Question

What is the effect on temperature vs time graph when the temperature of the enclosure is large in the experiment to plot the cooling curve for the relationship between the temperature of a hot body and time?
A. Graph becomes more flattened
B. Graph becomes a straight line
C. Graph becomes more curved
D. None of these.

Answer 1

Hint: Newton was the first successful person to compute the relation between temperature variation and time. However, his thesis was limited only for some special type of system in which certain assumptions were made. The assumptions made so that the law is valid are that the temperature difference of the body must not be very large and the time of consideration of the variation also must be small. This law is called Newton’s law of cooling.
Formula used: $\dfrac{dT}{dt} = - k (T - T_s)$

Complete step-by-step solution:
Newton’s law of cooling has many statements as per the conditions provided. One such statement is$\dfrac{dT}{dt} = - k (T - T_s)$. This is a statement derived from Stephen-Boltzmann’s law which relates the power radiation from a body at a particular temperature. But to come to this result, we usually assume that the temperature of the surroundings is constant and not much variable.
Now, according to the question statement, if we consider the temperature of the surrounding (enclosure) to be large, then the significance of ‘$T$’ will go on decreasing with respect to ‘$T_S$’. Hence the equation will eventually become:
$\dfrac{dT}{dt} = - k ( - T_s) = kT_S$
Hence solving the differential equation,
$dT = k T_S dt$
$\int dT = \int k T_S dt$
$\Rightarrow \int dT = k T_S \int dt$
$\Rightarrow T = k T_S t+c$
$\Rightarrow T = c_1 t+c$

Where $c_1\ and \ c$ are constants. Hence the above equation represents the equation of a straight line. Hence according to question, the curve will become more flattened, option A. is correct.
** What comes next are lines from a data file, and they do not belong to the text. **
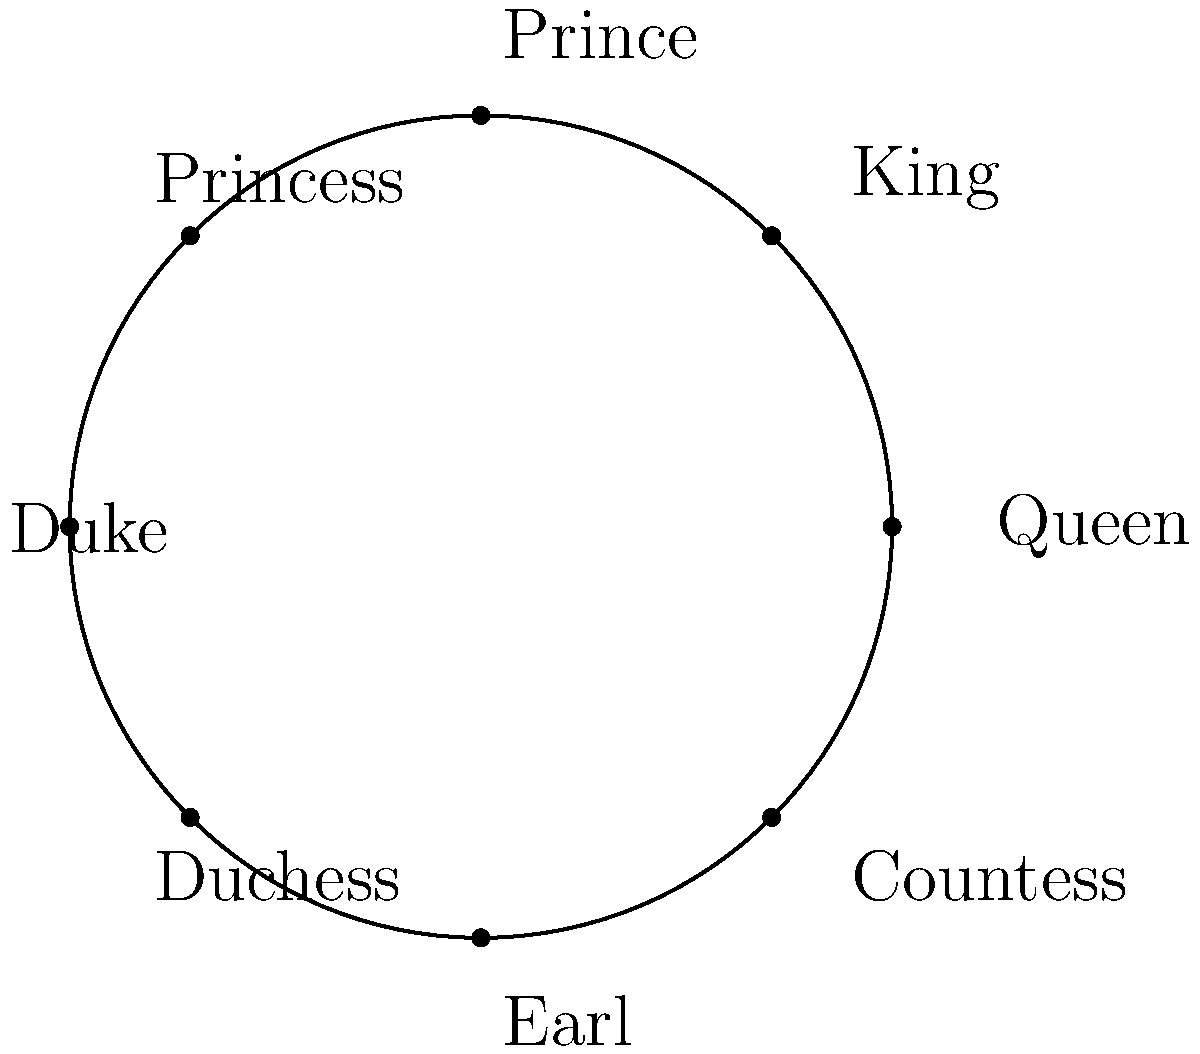At a royal banquet, guests are seated around a circular table as shown in the polar coordinate diagram. If the Queen is seated at $0°$ and the seating arrangement proceeds clockwise, at what angle would the Duchess be seated? To determine the angle at which the Duchess is seated, let's follow these steps:

1. Observe that the diagram shows 8 positions around the circle, each separated by 45°.
2. The seating arrangement proceeds clockwise from the Queen at 0°.
3. Count the positions clockwise from the Queen to the Duchess:
   - Queen (0°)
   - King (45°)
   - Prince (90°)
   - Princess (135°)
   - Duke (180°)
   - Duchess (next position)
4. The Duchess is in the 6th position from the Queen.
5. Calculate the angle: $6 \times 45° = 270°$

Therefore, the Duchess is seated at an angle of 270° in this polar coordinate system.
Answer: 270°

Note: If the temperature is calculated by using this form of Newton’s law of cooling, the results will not be exactly as we’ve assumed several assumptions before deriving it. Also ‘k’ is a constant in this equation. But actually, it depends upon certain factors. In fact $k =\dfrac{ 4\sigma eAT_{\circ}^3}{ms}$ [where symbols have its usual meaning] depends upon the surrounding temperature also. So ‘k’ is constant only till the surrounding is not changed.